• _AIM OF THE TASK_:
Could you transcribe the entries below exactly, starting at the line that contains "Numbers: x, y, z, sx, sy, sz, roll, pitch, yaw." and stopping at the last line, without any pictures?

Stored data

○ ○ ○ ○ ○

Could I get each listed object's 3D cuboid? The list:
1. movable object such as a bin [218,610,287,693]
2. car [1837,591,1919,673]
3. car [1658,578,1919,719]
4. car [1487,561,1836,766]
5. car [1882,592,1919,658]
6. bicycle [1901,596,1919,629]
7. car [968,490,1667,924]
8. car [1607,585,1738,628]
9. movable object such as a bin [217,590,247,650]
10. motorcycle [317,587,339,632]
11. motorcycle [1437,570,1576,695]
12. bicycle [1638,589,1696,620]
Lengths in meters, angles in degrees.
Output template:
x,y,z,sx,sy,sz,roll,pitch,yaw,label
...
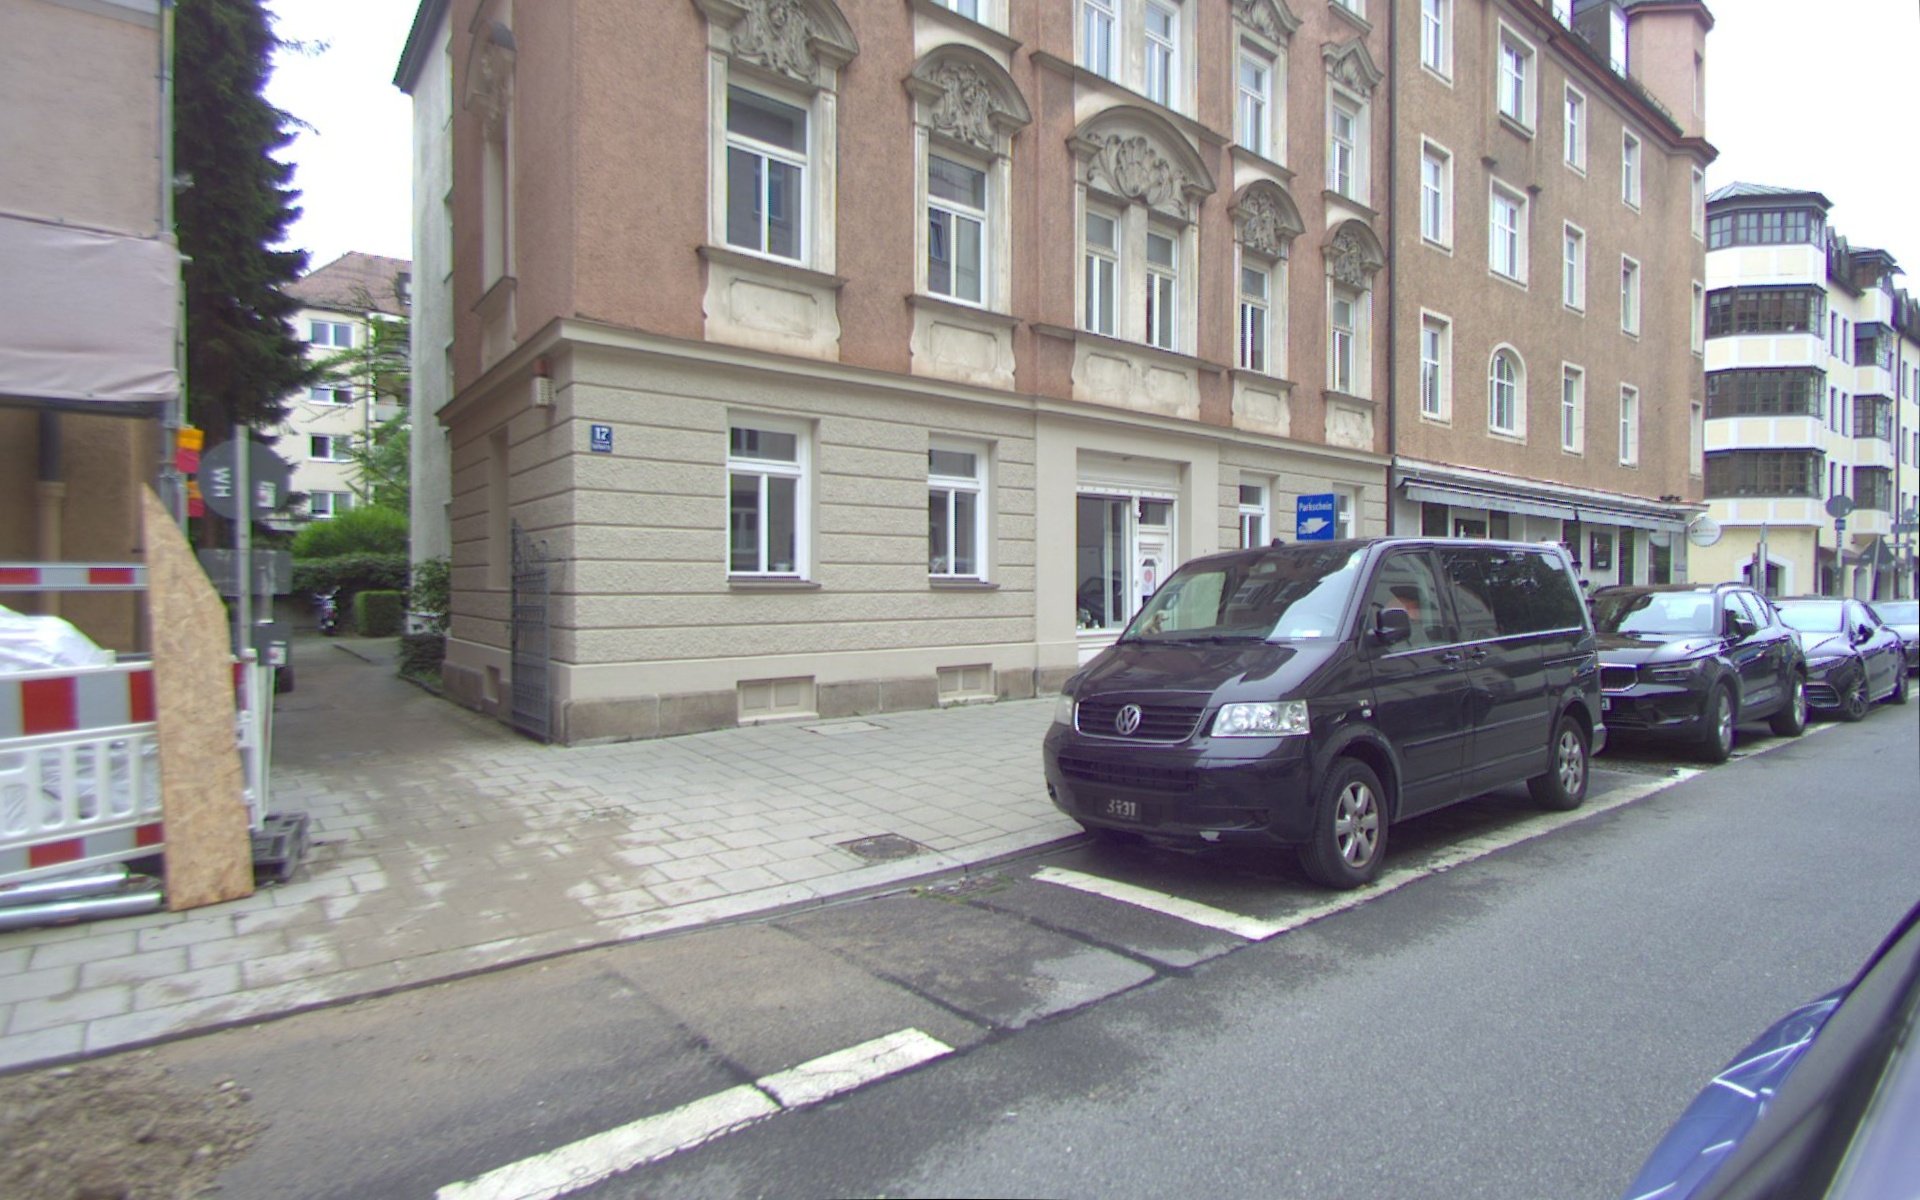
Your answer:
x,y,z,sx,sy,sz,roll,pitch,yaw,label
-10.492,0.731,15.025,0.816,1.123,1.249,0,1,-35,movable object such as a bin
18.652,0.568,19.833,4.109,1.412,1.575,-1,2,-40,car
11.531,0.522,13.802,5.537,1.572,1.935,0,0,-40,car
7.333,0.528,10.423,4.327,1.698,1.697,-1,-2,-38,car
22.867,0.527,23.211,4.701,1.422,1.851,0,1,-39,car
35.604,0.445,37.700,2.015,1.173,0.430,-1,2,-37,bicycle
2.699,0.364,6.919,5.049,1.944,2.087,-3,2,-38,car
27.407,0.228,39.015,1.717,1.458,3.748,3,0,-34,car
-16.274,0.438,22.624,0.543,1.333,0.467,0,0,-36,movable object such as a bin
-17.820,0.259,28.542,0.428,1.218,1.832,0,0,-35,motorcycle
7.195,0.387,13.286,1.960,1.523,0.874,0,0,-37,motorcycle
29.325,0.173,41.983,0.506,1.201,1.906,0,1,-37,bicycle
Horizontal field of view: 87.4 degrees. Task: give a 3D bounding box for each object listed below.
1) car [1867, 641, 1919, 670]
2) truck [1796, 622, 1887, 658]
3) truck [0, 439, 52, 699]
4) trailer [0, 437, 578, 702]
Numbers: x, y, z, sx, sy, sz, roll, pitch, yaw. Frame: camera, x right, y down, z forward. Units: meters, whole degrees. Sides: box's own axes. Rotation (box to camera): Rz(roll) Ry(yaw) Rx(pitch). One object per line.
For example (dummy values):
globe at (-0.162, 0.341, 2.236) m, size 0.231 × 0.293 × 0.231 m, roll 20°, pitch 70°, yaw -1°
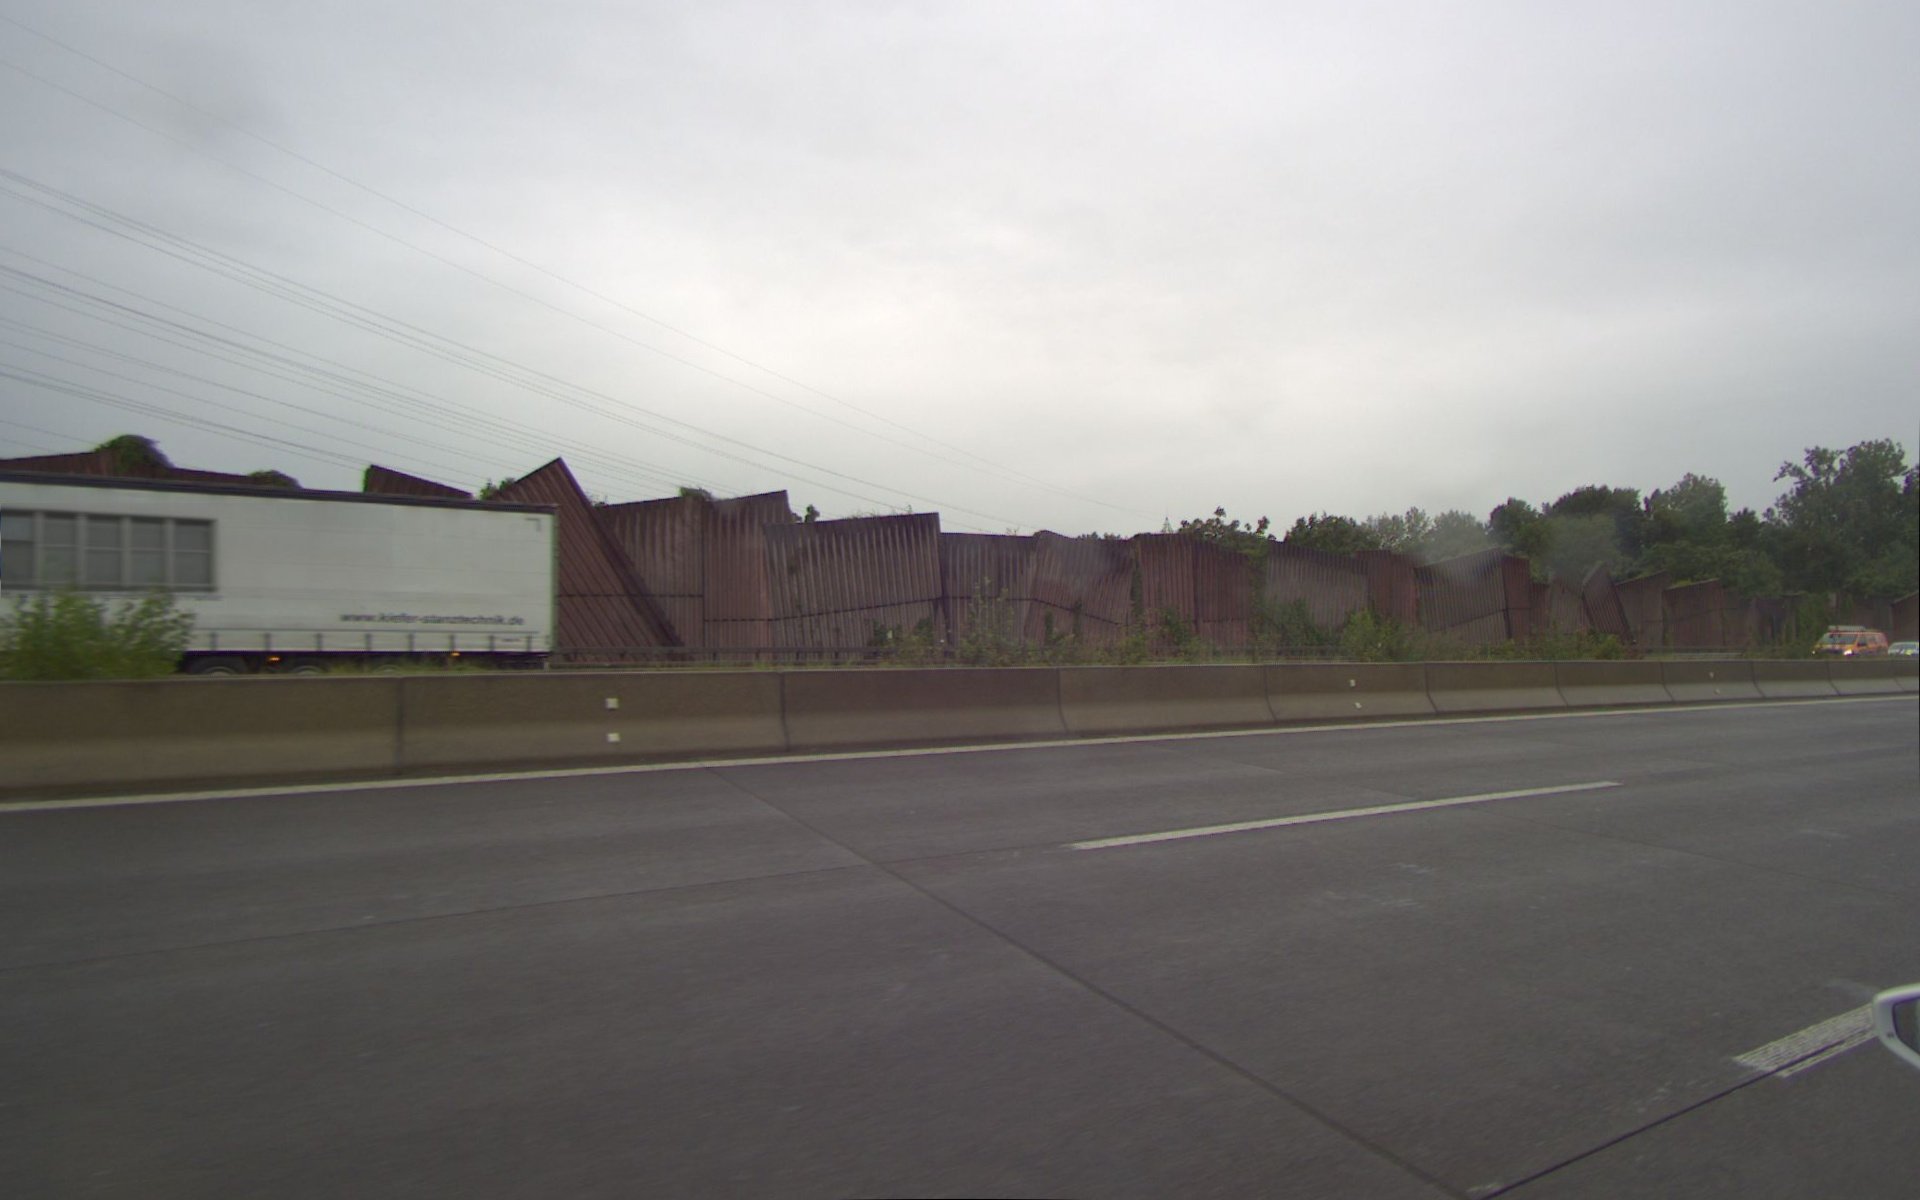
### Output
car at (61.417, 3.616, 65.533) m, size 4.343 × 1.762 × 1.985 m, roll 2°, pitch -1°, yaw -29°
truck at (45.861, 2.081, 52.221) m, size 4.954 × 1.762 × 1.985 m, roll 2°, pitch -1°, yaw -29°
truck at (-19.576, -0.597, 15.415) m, size 7.793 × 4.242 × 3.042 m, roll 1°, pitch 0°, yaw -30°
trailer at (-14.353, -0.468, 18.394) m, size 13.408 × 4.242 × 3.042 m, roll 1°, pitch 0°, yaw -30°

○ ○ ○ ○ ○

• _RESULT OF THE EXERCISE_:
Numbers: x, y, z, sx, sy, sz, roll, pitch, yaw. Frame: camera, x right, y down, z forward. Units: meters, whole degrees. Sides: box's own axes. Rotation (box to camera): Rz(roll) Ry(yaw) Rx(pitch). One object per line.
For example (dummy values):
globe at (-0.162, 0.341, 2.236) m, size 0.231 × 0.293 × 0.231 m, roll 20°, pitch 70°, yaw -1°
### Output
car at (61.417, 3.616, 65.533) m, size 4.343 × 1.762 × 1.985 m, roll 2°, pitch -1°, yaw -29°
truck at (45.861, 2.081, 52.221) m, size 4.954 × 1.762 × 1.985 m, roll 2°, pitch -1°, yaw -29°
truck at (-19.576, -0.597, 15.415) m, size 7.793 × 4.242 × 3.042 m, roll 1°, pitch 0°, yaw -30°
trailer at (-14.353, -0.468, 18.394) m, size 13.408 × 4.242 × 3.042 m, roll 1°, pitch 0°, yaw -30°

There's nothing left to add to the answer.